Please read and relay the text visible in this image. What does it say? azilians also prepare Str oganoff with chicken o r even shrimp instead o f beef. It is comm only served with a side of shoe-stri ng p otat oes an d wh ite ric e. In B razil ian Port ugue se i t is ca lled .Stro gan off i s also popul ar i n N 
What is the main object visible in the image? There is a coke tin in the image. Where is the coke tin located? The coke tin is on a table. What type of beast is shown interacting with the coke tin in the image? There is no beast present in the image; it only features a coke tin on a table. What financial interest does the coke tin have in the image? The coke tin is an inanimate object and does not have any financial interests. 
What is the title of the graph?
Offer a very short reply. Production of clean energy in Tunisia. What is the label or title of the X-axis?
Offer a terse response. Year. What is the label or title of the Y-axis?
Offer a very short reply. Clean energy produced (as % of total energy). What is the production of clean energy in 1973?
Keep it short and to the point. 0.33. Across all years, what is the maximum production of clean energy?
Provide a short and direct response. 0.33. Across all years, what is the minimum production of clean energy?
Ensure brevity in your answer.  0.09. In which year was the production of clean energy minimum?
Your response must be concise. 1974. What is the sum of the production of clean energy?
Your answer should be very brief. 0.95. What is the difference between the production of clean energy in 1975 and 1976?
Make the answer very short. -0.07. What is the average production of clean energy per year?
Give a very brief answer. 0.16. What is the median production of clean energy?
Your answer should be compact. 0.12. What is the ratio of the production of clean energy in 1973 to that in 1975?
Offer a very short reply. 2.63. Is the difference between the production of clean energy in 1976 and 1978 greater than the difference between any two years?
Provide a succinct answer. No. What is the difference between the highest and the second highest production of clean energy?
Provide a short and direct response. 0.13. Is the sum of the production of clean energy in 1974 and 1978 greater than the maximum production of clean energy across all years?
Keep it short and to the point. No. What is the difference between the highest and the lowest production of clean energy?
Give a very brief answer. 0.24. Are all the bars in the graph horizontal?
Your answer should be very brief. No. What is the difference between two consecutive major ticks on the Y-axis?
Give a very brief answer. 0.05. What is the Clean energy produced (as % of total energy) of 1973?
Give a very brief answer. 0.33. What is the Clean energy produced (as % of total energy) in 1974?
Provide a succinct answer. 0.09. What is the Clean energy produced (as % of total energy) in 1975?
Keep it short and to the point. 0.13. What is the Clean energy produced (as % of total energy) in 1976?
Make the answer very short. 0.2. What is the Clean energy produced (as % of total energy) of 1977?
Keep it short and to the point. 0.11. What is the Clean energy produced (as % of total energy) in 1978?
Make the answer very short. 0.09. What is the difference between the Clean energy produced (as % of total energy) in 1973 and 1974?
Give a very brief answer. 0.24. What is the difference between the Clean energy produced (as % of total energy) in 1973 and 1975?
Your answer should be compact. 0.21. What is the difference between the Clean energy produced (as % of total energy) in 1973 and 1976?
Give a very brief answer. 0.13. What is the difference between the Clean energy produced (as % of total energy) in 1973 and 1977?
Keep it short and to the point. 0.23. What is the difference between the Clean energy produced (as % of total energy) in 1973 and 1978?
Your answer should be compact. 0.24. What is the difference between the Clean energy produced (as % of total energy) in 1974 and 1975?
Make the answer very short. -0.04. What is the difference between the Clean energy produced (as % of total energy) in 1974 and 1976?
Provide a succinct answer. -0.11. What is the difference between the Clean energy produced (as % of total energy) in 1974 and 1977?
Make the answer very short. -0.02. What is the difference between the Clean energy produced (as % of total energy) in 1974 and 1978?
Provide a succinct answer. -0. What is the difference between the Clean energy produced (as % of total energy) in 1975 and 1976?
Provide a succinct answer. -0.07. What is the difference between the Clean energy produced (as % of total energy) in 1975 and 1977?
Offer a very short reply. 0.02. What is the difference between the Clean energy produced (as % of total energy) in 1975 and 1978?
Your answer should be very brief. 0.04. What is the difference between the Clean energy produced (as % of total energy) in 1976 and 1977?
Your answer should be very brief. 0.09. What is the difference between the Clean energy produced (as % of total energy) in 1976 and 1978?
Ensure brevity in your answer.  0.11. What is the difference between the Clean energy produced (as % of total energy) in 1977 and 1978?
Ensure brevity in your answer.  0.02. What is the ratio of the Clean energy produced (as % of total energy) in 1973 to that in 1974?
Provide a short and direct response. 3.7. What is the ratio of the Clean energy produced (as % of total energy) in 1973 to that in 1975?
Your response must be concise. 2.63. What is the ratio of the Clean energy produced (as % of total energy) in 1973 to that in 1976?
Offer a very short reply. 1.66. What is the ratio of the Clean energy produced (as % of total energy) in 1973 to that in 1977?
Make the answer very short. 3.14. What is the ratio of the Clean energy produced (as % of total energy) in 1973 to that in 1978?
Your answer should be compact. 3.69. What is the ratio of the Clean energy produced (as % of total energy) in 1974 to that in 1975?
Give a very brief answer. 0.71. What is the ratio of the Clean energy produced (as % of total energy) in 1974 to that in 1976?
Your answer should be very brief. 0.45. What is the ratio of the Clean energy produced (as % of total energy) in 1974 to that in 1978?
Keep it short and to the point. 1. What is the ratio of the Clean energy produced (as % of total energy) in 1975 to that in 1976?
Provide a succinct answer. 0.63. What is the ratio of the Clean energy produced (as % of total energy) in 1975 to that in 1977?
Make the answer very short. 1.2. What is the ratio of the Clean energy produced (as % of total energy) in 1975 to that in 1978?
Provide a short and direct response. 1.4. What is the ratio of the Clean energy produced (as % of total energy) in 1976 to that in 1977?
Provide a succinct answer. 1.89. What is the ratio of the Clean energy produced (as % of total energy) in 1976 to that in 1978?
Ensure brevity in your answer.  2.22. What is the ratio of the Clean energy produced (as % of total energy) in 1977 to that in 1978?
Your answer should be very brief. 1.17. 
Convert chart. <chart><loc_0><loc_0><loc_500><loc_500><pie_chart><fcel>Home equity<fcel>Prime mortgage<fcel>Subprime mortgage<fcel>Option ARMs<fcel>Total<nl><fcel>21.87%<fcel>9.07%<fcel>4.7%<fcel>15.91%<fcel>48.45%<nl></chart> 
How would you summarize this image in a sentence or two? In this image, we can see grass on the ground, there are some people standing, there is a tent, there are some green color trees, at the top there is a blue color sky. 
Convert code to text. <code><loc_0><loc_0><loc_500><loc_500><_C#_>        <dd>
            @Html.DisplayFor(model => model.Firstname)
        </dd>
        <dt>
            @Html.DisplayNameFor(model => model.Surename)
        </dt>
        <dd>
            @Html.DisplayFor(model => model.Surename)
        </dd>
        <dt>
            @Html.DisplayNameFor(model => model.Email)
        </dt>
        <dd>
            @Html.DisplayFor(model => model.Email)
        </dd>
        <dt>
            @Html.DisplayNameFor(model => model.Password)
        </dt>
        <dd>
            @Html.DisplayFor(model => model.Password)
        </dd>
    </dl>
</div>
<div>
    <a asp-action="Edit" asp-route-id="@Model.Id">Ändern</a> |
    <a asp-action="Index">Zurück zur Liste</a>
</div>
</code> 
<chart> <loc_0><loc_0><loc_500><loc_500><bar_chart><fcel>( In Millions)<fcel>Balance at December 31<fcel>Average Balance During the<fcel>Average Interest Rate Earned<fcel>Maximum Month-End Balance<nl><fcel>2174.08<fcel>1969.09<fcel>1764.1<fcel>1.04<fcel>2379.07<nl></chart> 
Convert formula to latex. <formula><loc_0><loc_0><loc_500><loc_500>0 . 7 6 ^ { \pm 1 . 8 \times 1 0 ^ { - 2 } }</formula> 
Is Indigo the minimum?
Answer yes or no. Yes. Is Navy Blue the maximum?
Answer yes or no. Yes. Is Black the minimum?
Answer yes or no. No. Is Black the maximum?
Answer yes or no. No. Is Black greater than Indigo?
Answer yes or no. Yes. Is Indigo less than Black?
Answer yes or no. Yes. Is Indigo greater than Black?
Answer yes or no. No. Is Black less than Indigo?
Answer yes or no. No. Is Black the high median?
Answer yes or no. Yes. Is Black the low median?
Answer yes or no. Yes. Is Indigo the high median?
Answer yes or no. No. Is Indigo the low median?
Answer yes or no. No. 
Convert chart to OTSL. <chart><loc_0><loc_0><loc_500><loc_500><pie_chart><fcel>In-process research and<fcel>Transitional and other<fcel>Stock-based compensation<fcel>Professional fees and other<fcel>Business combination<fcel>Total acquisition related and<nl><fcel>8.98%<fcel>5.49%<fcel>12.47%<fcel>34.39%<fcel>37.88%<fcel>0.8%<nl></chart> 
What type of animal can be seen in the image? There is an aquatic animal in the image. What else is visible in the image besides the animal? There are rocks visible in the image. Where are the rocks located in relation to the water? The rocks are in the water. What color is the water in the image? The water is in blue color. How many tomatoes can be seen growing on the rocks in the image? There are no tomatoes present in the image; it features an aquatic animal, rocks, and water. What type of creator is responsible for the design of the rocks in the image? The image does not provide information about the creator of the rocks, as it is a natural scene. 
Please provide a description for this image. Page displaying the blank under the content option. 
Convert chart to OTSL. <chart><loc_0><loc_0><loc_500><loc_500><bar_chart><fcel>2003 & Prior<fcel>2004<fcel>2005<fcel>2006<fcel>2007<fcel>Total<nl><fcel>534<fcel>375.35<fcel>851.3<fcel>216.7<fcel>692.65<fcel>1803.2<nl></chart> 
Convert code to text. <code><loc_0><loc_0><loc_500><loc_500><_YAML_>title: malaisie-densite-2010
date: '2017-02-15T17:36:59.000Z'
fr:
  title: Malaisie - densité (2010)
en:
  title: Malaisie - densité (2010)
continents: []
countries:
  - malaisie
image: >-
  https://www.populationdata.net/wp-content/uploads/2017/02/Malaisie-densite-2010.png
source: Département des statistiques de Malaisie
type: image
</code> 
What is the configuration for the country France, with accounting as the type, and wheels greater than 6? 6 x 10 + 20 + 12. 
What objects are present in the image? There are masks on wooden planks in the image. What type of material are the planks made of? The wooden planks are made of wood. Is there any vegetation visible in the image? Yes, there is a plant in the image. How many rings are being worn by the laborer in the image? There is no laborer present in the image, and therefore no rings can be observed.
-=-=-=-=-
§ **Task to carry out**: Gather all lines with the string "code" from the data.

§ **Written solution**:
Convert code to text. <code><loc_0><loc_0><loc_500><loc_500><_C#_>        <dd>
</code> 
Convert code to text. <code><loc_0><loc_0><loc_500><loc_500><_YAML_>title: malaisie-densite-2010
</code> 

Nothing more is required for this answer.